Еще не открыв глаз, еще не проснувшись как следует, Сывороткин почувствовал, что в мире что-то переменилось. Он откинул оконную занавеску и вместо ясной полосы чистого, зеленоватого, предвещающего чистотой своей раскаленный полдень утреннего неба, перечеркнутого в нескольких местах стволами молодых топольков, увидел какой-то серый студень, так что даже и топольки почти не видны на нем, сливаются, стушевались и растворились.
Да ведь это же дождь! И не из тучи какой-нибудь, а обложной, повсеместный, устойчивый, на несколько дней. Не пошел еще пока, но если забито все небо таким студнем, то пойдет с часу на час, не надо и сомневаться.
Дождь пошел, когда Сывороткин уже был в пути. Пошел дождь нехотя, мелкой водяной пылью и туманом. Но в этой пыли засверкали крупные полновесные капли, словно в тонком и мелком сите, через которое сеяли там, наверху, дождевую воду, было проткнуто гвоздем несколько дырок.
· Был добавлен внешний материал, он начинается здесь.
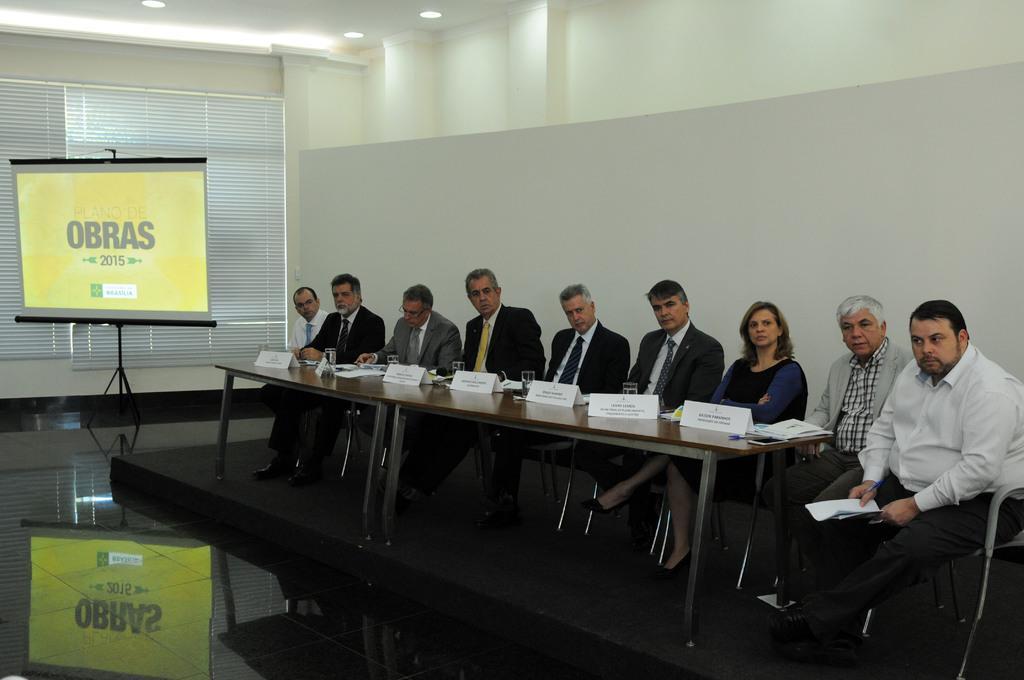Please provide a concise description of this image. In this image, we can see persons wearing clothes and sitting on chairs in front of the table. This table contains glasses and boards. There is a screen in front of window blinds. There are lights on the ceiling which is in the top left of the image. 
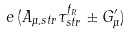Convert formula to latex. <formula><loc_0><loc_0><loc_500><loc_500>e \, ( A _ { \mu , s t r } \tau _ { s t r } ^ { f _ { R } } \pm G ^ { \prime } _ { \mu } )</formula> 
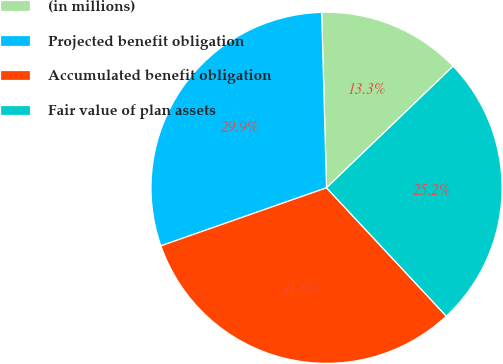Convert chart to OTSL. <chart><loc_0><loc_0><loc_500><loc_500><pie_chart><fcel>(in millions)<fcel>Projected benefit obligation<fcel>Accumulated benefit obligation<fcel>Fair value of plan assets<nl><fcel>13.26%<fcel>29.92%<fcel>31.59%<fcel>25.23%<nl></chart> 
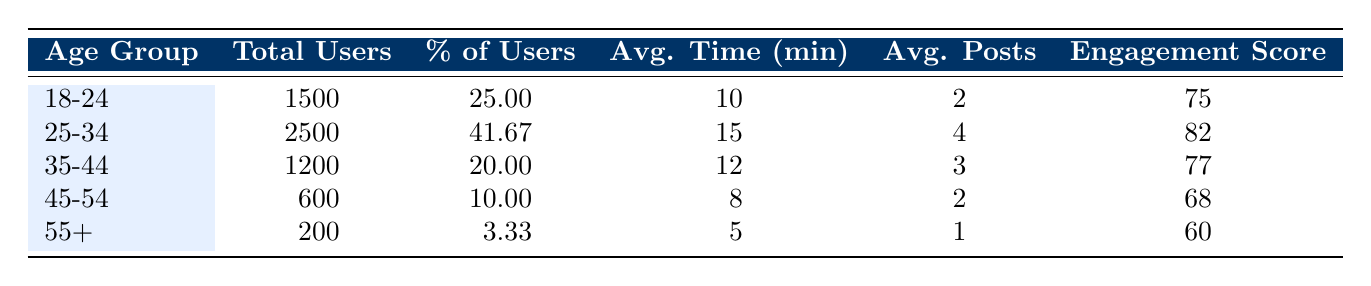What is the total number of users in the age group 25-34? Referring to the table, the total users in the age group 25-34 is directly listed as 2500.
Answer: 2500 What percentage of users belong to the age group 45-54? The table shows that the percentage of users in the age group 45-54 is 10.00%.
Answer: 10.00% Which age group has the highest average posts shared per user? By comparing the values in the "Avg. Posts" column, the age group 25-34 has the highest value at 4.
Answer: 25-34 What is the sum of the average time spent per visit for the age groups 35-44 and 45-54? Adding the average time for these age groups: 12 (for 35-44) + 8 (for 45-54) equals 20.
Answer: 20 Is the engagement score for the age group 55+ greater than that of the age group 18-24? The engagement score for the age group 55+ is 60, while for 18-24 it is 75. Therefore, it is false that 55+ is greater.
Answer: No What is the average engagement score across all age groups? To find the average engagement score, we sum the engagement scores (75 + 82 + 77 + 68 + 60) = 362, and divide by the number of age groups (5): 362/5 = 72.4.
Answer: 72.4 Which age group has the lowest average time spent per visit? The table indicates that the age group 55+ has the lowest average time spent per visit at 5 minutes.
Answer: 55+ What is the difference in total users between the age groups 25-34 and 35-44? The number of users in 25-34 is 2500 and in 35-44 is 1200. The difference is 2500 - 1200 = 1300.
Answer: 1300 Are users in the age group 18-24 more engaged than those in the age group 45-54? The engagement score for age group 18-24 is 75, while for 45-54 it is 68. Since 75 is greater than 68, the statement is true.
Answer: Yes 
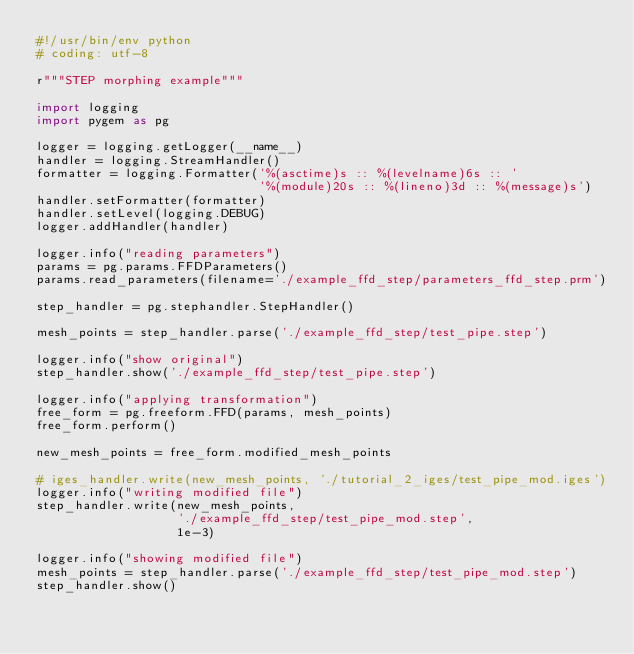<code> <loc_0><loc_0><loc_500><loc_500><_Python_>#!/usr/bin/env python
# coding: utf-8

r"""STEP morphing example"""

import logging
import pygem as pg

logger = logging.getLogger(__name__)
handler = logging.StreamHandler()
formatter = logging.Formatter('%(asctime)s :: %(levelname)6s :: '
                              '%(module)20s :: %(lineno)3d :: %(message)s')
handler.setFormatter(formatter)
handler.setLevel(logging.DEBUG)
logger.addHandler(handler)

logger.info("reading parameters")
params = pg.params.FFDParameters()
params.read_parameters(filename='./example_ffd_step/parameters_ffd_step.prm')

step_handler = pg.stephandler.StepHandler()

mesh_points = step_handler.parse('./example_ffd_step/test_pipe.step')

logger.info("show original")
step_handler.show('./example_ffd_step/test_pipe.step')

logger.info("applying transformation")
free_form = pg.freeform.FFD(params, mesh_points)
free_form.perform()

new_mesh_points = free_form.modified_mesh_points

# iges_handler.write(new_mesh_points, './tutorial_2_iges/test_pipe_mod.iges')
logger.info("writing modified file")
step_handler.write(new_mesh_points,
                   './example_ffd_step/test_pipe_mod.step',
                   1e-3)

logger.info("showing modified file")
mesh_points = step_handler.parse('./example_ffd_step/test_pipe_mod.step')
step_handler.show()
</code> 
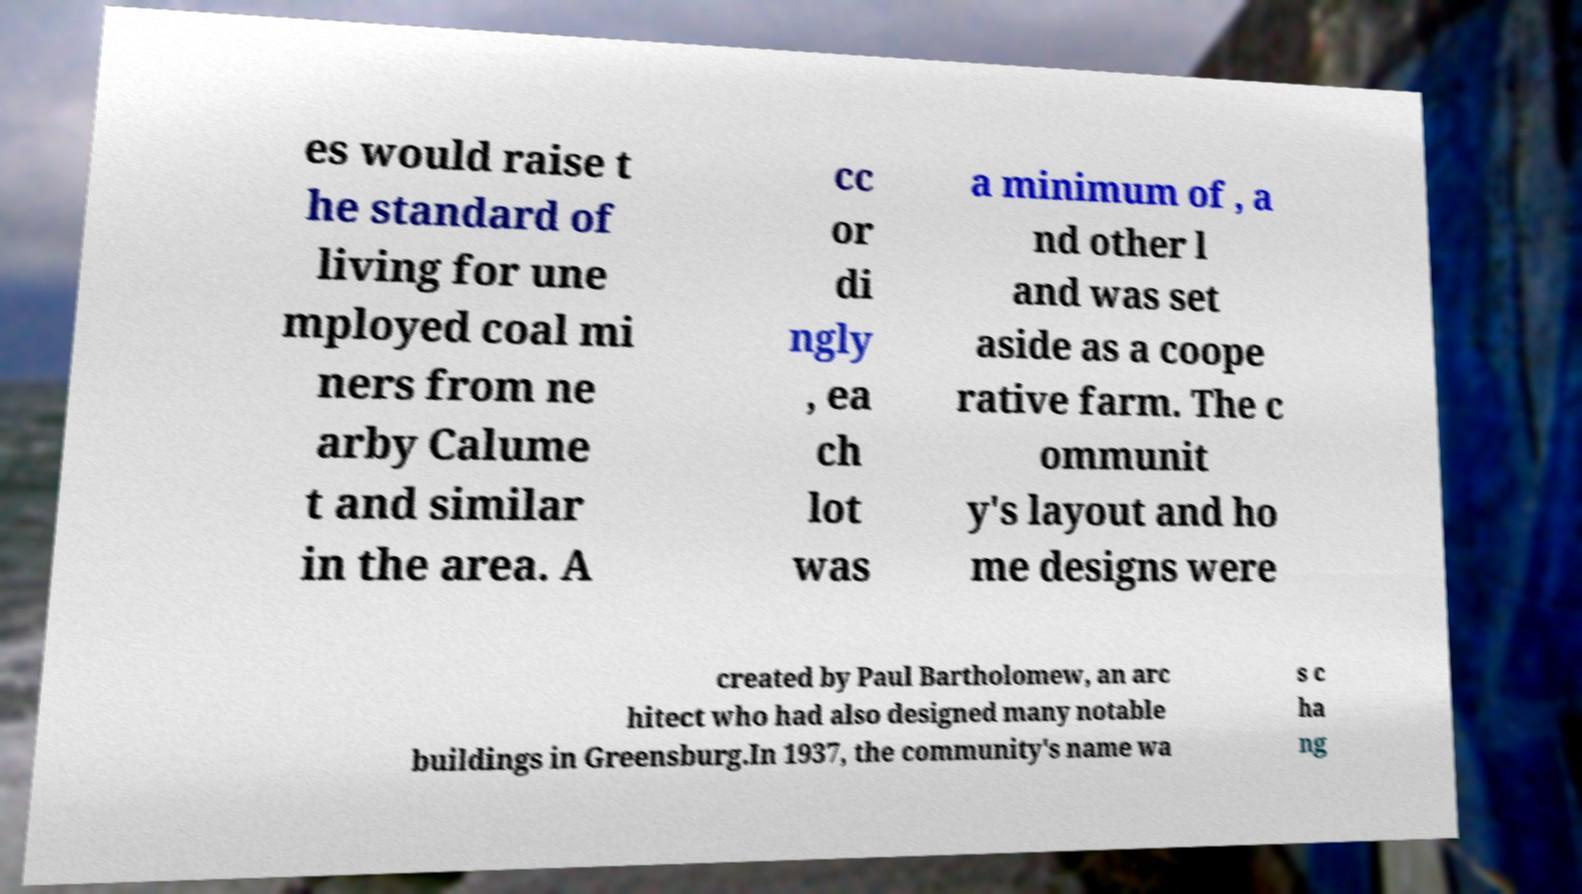Please identify and transcribe the text found in this image. es would raise t he standard of living for une mployed coal mi ners from ne arby Calume t and similar in the area. A cc or di ngly , ea ch lot was a minimum of , a nd other l and was set aside as a coope rative farm. The c ommunit y's layout and ho me designs were created by Paul Bartholomew, an arc hitect who had also designed many notable buildings in Greensburg.In 1937, the community's name wa s c ha ng

Сито вскоре заменили решетом, а потом грохотом[1].
Окрестности сразу наполнились ровным шумом. То, что было пышной и мелкой, как пудра, дорожной пылью, начало прилипать к ногам сначала крутой, как замазка, а потом разжиженной грязью. Тусклая, запыленная, поблекшая от сухости зелень и справа и слева от дороги стала яркой, как делается яркой переводная картинка, когда сотрут с нее мокрым пальцем слой тусклой бумаги.